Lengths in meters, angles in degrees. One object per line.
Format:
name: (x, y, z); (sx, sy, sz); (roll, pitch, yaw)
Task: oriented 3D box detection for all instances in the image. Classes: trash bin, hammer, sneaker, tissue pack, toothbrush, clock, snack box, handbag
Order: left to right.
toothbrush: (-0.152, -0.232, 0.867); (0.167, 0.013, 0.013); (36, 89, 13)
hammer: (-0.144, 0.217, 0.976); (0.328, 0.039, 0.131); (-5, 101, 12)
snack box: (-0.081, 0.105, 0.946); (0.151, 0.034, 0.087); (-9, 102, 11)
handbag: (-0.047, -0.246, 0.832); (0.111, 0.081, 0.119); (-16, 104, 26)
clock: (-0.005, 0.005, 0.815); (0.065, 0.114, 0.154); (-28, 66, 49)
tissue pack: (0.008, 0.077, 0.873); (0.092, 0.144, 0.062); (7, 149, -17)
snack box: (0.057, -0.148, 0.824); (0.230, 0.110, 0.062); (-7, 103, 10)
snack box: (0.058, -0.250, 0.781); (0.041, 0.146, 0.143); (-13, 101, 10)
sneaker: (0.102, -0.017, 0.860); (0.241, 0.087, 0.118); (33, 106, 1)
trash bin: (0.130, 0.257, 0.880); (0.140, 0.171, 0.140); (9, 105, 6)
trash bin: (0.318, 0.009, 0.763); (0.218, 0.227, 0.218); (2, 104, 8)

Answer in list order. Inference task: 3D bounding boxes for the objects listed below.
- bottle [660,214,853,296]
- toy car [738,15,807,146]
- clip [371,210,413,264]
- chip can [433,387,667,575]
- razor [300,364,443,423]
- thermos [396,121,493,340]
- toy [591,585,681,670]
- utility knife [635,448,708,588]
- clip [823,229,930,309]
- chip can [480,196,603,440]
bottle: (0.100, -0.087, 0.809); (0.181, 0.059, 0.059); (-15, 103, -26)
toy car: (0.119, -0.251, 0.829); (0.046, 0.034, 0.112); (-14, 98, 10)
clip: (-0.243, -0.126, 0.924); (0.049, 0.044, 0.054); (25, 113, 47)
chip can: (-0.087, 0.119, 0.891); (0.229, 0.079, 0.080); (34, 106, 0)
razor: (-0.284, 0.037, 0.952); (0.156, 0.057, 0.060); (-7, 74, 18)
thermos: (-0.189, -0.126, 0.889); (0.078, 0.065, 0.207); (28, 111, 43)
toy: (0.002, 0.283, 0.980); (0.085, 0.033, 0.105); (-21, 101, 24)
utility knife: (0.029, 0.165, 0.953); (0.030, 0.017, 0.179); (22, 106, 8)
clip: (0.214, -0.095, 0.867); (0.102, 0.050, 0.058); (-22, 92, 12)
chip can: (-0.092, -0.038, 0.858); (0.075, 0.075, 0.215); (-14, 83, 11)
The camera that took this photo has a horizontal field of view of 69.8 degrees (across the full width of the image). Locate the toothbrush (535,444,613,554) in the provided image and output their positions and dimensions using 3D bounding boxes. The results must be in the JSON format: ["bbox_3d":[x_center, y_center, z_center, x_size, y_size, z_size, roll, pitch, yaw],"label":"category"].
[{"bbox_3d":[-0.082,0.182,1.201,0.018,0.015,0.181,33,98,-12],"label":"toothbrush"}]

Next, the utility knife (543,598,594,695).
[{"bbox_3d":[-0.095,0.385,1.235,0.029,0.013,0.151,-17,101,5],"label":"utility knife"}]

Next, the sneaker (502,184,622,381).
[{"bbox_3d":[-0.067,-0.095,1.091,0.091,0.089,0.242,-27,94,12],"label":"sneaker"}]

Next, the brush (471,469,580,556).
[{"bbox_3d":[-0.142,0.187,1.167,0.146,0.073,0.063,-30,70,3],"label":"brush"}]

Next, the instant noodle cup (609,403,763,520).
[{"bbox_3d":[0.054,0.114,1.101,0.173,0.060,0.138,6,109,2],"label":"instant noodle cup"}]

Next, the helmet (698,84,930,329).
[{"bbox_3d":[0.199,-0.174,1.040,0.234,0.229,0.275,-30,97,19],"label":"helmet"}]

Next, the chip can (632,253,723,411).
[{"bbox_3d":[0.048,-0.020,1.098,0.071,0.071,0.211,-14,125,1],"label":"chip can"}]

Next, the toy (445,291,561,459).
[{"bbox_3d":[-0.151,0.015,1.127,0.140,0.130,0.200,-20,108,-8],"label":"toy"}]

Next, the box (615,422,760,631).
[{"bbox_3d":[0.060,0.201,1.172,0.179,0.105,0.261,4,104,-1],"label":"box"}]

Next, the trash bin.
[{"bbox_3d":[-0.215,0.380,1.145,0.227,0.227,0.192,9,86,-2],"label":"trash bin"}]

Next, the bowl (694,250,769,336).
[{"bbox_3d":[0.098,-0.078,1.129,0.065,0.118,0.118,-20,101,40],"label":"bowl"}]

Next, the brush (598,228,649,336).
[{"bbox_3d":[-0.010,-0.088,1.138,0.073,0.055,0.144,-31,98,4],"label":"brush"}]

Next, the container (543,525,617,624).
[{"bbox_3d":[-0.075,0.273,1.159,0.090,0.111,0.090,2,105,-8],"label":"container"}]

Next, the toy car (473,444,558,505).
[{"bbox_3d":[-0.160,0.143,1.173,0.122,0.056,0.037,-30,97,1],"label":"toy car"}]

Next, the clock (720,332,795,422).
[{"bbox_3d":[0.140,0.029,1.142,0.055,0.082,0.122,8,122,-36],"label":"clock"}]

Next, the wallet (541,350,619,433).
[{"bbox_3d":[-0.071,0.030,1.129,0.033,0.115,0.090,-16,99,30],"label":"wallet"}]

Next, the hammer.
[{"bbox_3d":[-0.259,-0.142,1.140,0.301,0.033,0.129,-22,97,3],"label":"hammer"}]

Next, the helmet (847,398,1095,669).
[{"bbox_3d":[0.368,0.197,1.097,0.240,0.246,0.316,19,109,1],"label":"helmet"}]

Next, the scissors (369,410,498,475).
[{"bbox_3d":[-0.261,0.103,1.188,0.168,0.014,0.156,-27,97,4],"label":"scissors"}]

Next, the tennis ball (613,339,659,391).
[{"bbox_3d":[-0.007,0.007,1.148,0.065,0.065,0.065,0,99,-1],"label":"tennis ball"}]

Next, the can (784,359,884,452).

★ ★ ★

ASSIGNED TASK: Please reproduce all of the entries above exactly as they appear.

OUTPUT FOR THIS TASK:
Lengths in meters, angles in degrees. One object per line.
Format:
name: (x, y, z); (sx, sy, sz); (roll, pitch, yaw)
Task: oriented 3D box detection for all instances in the image. Classes: trash bin, hammer, sneaker, tissue pack, toothbrush, clock, snack box, handbag
Order: left to right.
toothbrush: (-0.152, -0.232, 0.867); (0.167, 0.013, 0.013); (36, 89, 13)
hammer: (-0.144, 0.217, 0.976); (0.328, 0.039, 0.131); (-5, 101, 12)
snack box: (-0.081, 0.105, 0.946); (0.151, 0.034, 0.087); (-9, 102, 11)
handbag: (-0.047, -0.246, 0.832); (0.111, 0.081, 0.119); (-16, 104, 26)
clock: (-0.005, 0.005, 0.815); (0.065, 0.114, 0.154); (-28, 66, 49)
tissue pack: (0.008, 0.077, 0.873); (0.092, 0.144, 0.062); (7, 149, -17)
snack box: (0.057, -0.148, 0.824); (0.230, 0.110, 0.062); (-7, 103, 10)
snack box: (0.058, -0.250, 0.781); (0.041, 0.146, 0.143); (-13, 101, 10)
sneaker: (0.102, -0.017, 0.860); (0.241, 0.087, 0.118); (33, 106, 1)
trash bin: (0.130, 0.257, 0.880); (0.140, 0.171, 0.140); (9, 105, 6)
trash bin: (0.318, 0.009, 0.763); (0.218, 0.227, 0.218); (2, 104, 8)

Answer in list order. Inference task: 3D bounding boxes for the objects listed below.
- bottle [660,214,853,296]
- toy car [738,15,807,146]
- clip [371,210,413,264]
- chip can [433,387,667,575]
- razor [300,364,443,423]
- thermos [396,121,493,340]
- toy [591,585,681,670]
- utility knife [635,448,708,588]
- clip [823,229,930,309]
- chip can [480,196,603,440]
bottle: (0.100, -0.087, 0.809); (0.181, 0.059, 0.059); (-15, 103, -26)
toy car: (0.119, -0.251, 0.829); (0.046, 0.034, 0.112); (-14, 98, 10)
clip: (-0.243, -0.126, 0.924); (0.049, 0.044, 0.054); (25, 113, 47)
chip can: (-0.087, 0.119, 0.891); (0.229, 0.079, 0.080); (34, 106, 0)
razor: (-0.284, 0.037, 0.952); (0.156, 0.057, 0.060); (-7, 74, 18)
thermos: (-0.189, -0.126, 0.889); (0.078, 0.065, 0.207); (28, 111, 43)
toy: (0.002, 0.283, 0.980); (0.085, 0.033, 0.105); (-21, 101, 24)
utility knife: (0.029, 0.165, 0.953); (0.030, 0.017, 0.179); (22, 106, 8)
clip: (0.214, -0.095, 0.867); (0.102, 0.050, 0.058); (-22, 92, 12)
chip can: (-0.092, -0.038, 0.858); (0.075, 0.075, 0.215); (-14, 83, 11)
The camera that took this photo has a horizontal field of view of 69.8 degrees (across the full width of the image). Locate the toothbrush (535,444,613,554) in the provided image and output their positions and dimensions using 3D bounding boxes. The results must be in the JSON format: ["bbox_3d":[x_center, y_center, z_center, x_size, y_size, z_size, roll, pitch, yaw],"label":"category"].
[{"bbox_3d":[-0.082,0.182,1.201,0.018,0.015,0.181,33,98,-12],"label":"toothbrush"}]

Next, the utility knife (543,598,594,695).
[{"bbox_3d":[-0.095,0.385,1.235,0.029,0.013,0.151,-17,101,5],"label":"utility knife"}]

Next, the sneaker (502,184,622,381).
[{"bbox_3d":[-0.067,-0.095,1.091,0.091,0.089,0.242,-27,94,12],"label":"sneaker"}]

Next, the brush (471,469,580,556).
[{"bbox_3d":[-0.142,0.187,1.167,0.146,0.073,0.063,-30,70,3],"label":"brush"}]

Next, the instant noodle cup (609,403,763,520).
[{"bbox_3d":[0.054,0.114,1.101,0.173,0.060,0.138,6,109,2],"label":"instant noodle cup"}]

Next, the helmet (698,84,930,329).
[{"bbox_3d":[0.199,-0.174,1.040,0.234,0.229,0.275,-30,97,19],"label":"helmet"}]

Next, the chip can (632,253,723,411).
[{"bbox_3d":[0.048,-0.020,1.098,0.071,0.071,0.211,-14,125,1],"label":"chip can"}]

Next, the toy (445,291,561,459).
[{"bbox_3d":[-0.151,0.015,1.127,0.140,0.130,0.200,-20,108,-8],"label":"toy"}]

Next, the box (615,422,760,631).
[{"bbox_3d":[0.060,0.201,1.172,0.179,0.105,0.261,4,104,-1],"label":"box"}]

Next, the trash bin.
[{"bbox_3d":[-0.215,0.380,1.145,0.227,0.227,0.192,9,86,-2],"label":"trash bin"}]

Next, the bowl (694,250,769,336).
[{"bbox_3d":[0.098,-0.078,1.129,0.065,0.118,0.118,-20,101,40],"label":"bowl"}]

Next, the brush (598,228,649,336).
[{"bbox_3d":[-0.010,-0.088,1.138,0.073,0.055,0.144,-31,98,4],"label":"brush"}]

Next, the container (543,525,617,624).
[{"bbox_3d":[-0.075,0.273,1.159,0.090,0.111,0.090,2,105,-8],"label":"container"}]

Next, the toy car (473,444,558,505).
[{"bbox_3d":[-0.160,0.143,1.173,0.122,0.056,0.037,-30,97,1],"label":"toy car"}]

Next, the clock (720,332,795,422).
[{"bbox_3d":[0.140,0.029,1.142,0.055,0.082,0.122,8,122,-36],"label":"clock"}]

Next, the wallet (541,350,619,433).
[{"bbox_3d":[-0.071,0.030,1.129,0.033,0.115,0.090,-16,99,30],"label":"wallet"}]

Next, the hammer.
[{"bbox_3d":[-0.259,-0.142,1.140,0.301,0.033,0.129,-22,97,3],"label":"hammer"}]

Next, the helmet (847,398,1095,669).
[{"bbox_3d":[0.368,0.197,1.097,0.240,0.246,0.316,19,109,1],"label":"helmet"}]

Next, the scissors (369,410,498,475).
[{"bbox_3d":[-0.261,0.103,1.188,0.168,0.014,0.156,-27,97,4],"label":"scissors"}]

Next, the tennis ball (613,339,659,391).
[{"bbox_3d":[-0.007,0.007,1.148,0.065,0.065,0.065,0,99,-1],"label":"tennis ball"}]

Next, the can (784,359,884,452).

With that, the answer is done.